The final code will actually be written in Typescript, as this is our most used language here at Freetrade, don’t worry if you don’t know it, it works the same as Node.js, but with extra information on which types are expected.
Our final code will therefore look something like this:
import { Storage } from '@google-cloud/storage'
import admin = require('firebase-admin')
import { pipeline as _pipeline, Readable } from 'stream'
import { FieldPath } from '@google-cloud/firestore'
import * as util from 'util'
const pipeline = util.promisify(_pipeline)
interface IPageResult {
items: Item[]
lastId: string
}
async function getNextPage(collectionName: string, pageSize: number, startAfter: string | null): Promise<IPageResult> {
const collection = admin.firestore().collection(collectionName)
let query = collection as FirebaseFirestore.Query
// This orders the elements by their id, which is what allows us to paginate using startAfter
query = query.orderBy(FieldPath.documentId())

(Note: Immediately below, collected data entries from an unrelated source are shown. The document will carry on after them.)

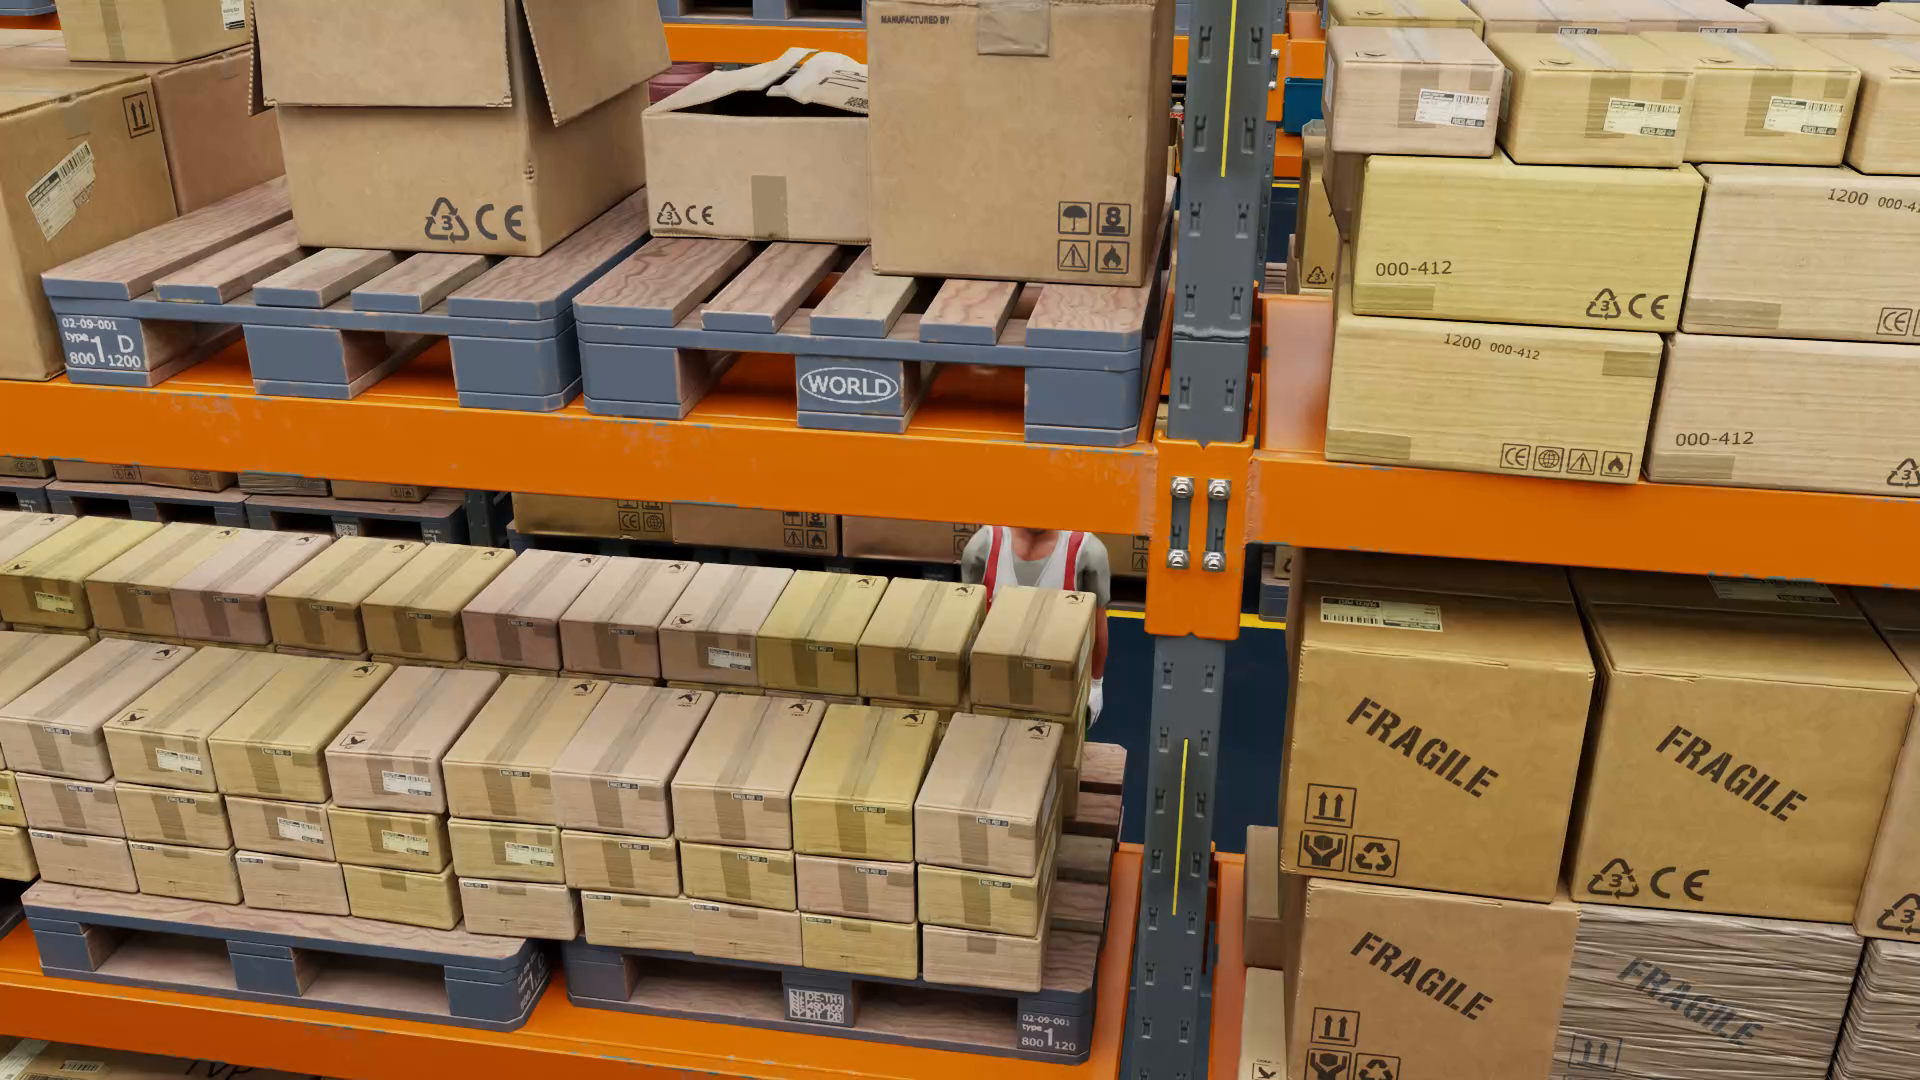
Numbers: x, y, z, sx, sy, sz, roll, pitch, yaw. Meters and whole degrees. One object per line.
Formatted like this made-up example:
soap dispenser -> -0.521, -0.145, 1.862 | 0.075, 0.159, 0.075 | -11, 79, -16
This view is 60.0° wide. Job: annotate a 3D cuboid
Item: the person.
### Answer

// startAfter might not exist on the first iteration
if (startAfter) {
query = query.startAfter(startAfter)
}
query = query.limit(pageSize)
// the items to return
const results = await query.get()
// the last seen id that we will use to indicate where the next page should start
const lastId = results.docs[pageSize - 1]?.id ?? null
return {
items: results.docs.map((doc) => doc.data()),
lastId: lastId
}
}
async function* collectionExportGenerator(collectionNameToExport: string, pageSize: number = 500) {
// keep retrieving pages of items until there's nothing more to retrieve
let pageResult: IPageResult
do {
pageResult = await getNextPage(collectionNameToExport, pageSize, pageResult?.lastId ?? null)
yield pageResult.items
} while (pageResult.lastId !== null)
}
async function exportFirestoreCollectionToGcs(): Promise<void> {
// create read stream for our async generator
const readStream = Readable.from(collectionExportGenerator)
// create write stream to upload to GCS
const writeStream = new Storage()
.bucket('my-bucket')
.file('export.csv')
.createWriteStream({})
// pipe all streams together
await pipeline(readStream, transformStream1, transformStream2, writeStream)
}
Upon learning to forgive ourselves for not being able to foresee every scaling issue we could run into, we’ve learned how to implement Readable Streams using async generators in Node.js/Typescript, by exporting a potentially large collection of items stored in Firestore, into a file in a GCS bucket.
Async generators clearly are not one of the most common features of Node.js, but I hope this article has at the very least made you aware that they exist, and that if one day you do have to deal with streams in one of your projects, you remember that they can be an easy and quite elegant solution to that problem.